If you find yourself endlessly grabbing for snacks in hotel mini–bars, try hotels with pillow valets, prepare to snuggle in for some serious zzzzz’s, and don’t be surprised when it’s such an effective way to avoid the munchies. If you want to gain stress control and lose fat, there’s a lot to be said about sleeping.

Research has established a solid connection between sleepy and weighty. Inadequate sleep means increased levels of NPY which increases appetite; and when we’re sleepy, less leptin and more ghrelin releases mean a hormonal swing towards hunger and cravings. Lack of sleep also forces inadequate release of both serotonin and dopamine. Since sugary foods are a way to stimulate serotonin and dopamine release, it’s easy to understand why we’re headed for the mini-bar, yawning all the way.

Studies show that people sleep 1.5 hrs less per night than they did in 1960, which correlates with increased weight and BMI levels. Whey protein contains the amino acid tryptophan which increases serotonin to improve your mood; and tries to nudge you into a more restful sleep. Beyond that, a whey protein shake will keep you feeling fuller - convenient when it’s time to put the stresses of the day aside, and slip into some sound, uninterrupted sleep.

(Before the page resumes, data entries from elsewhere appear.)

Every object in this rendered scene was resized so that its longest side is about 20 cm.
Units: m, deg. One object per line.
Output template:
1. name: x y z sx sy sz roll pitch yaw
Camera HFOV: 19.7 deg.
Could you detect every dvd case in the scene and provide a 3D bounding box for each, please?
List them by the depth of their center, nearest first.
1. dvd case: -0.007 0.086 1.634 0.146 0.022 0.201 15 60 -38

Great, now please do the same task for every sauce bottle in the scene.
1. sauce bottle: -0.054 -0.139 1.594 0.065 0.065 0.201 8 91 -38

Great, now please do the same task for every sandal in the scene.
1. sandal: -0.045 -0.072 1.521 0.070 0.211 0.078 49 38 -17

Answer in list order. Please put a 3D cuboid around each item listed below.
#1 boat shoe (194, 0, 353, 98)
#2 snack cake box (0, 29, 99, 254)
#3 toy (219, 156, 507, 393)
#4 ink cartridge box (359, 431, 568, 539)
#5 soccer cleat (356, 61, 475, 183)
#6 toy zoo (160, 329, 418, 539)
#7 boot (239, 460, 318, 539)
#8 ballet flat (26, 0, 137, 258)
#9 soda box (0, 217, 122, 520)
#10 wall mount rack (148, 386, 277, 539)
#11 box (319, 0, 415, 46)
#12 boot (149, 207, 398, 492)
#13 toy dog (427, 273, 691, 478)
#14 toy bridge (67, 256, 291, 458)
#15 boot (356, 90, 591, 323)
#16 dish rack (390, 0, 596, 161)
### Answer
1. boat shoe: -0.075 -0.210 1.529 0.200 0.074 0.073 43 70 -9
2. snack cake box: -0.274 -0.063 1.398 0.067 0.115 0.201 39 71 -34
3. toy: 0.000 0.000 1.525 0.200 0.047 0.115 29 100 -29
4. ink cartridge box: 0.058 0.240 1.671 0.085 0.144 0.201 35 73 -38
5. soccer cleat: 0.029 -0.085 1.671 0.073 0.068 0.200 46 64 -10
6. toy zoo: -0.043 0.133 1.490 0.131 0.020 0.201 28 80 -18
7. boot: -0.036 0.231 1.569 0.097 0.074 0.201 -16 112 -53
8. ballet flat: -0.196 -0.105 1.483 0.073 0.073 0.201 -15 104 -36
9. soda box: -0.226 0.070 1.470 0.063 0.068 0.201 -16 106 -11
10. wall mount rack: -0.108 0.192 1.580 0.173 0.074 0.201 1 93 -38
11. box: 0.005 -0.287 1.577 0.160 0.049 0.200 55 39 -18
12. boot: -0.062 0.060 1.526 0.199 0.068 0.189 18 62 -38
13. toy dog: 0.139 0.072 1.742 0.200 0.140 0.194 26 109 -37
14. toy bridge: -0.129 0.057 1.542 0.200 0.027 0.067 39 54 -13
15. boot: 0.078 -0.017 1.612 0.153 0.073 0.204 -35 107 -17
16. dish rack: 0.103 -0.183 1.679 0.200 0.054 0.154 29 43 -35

The advice to our dieters this week is to keep sipping on a meal replacer for one meal a day and have one before you sit down to Thanksgiving dinner. Study your food journal and choose more protein, fruits and veggies, and ease up on eating or exercise harder either the day before or the day after turkey day. Try to catch up on sleep this week. They don’t call it ‘beauty’ sleep for nothing.

It’s our best advice. The rest is up to you.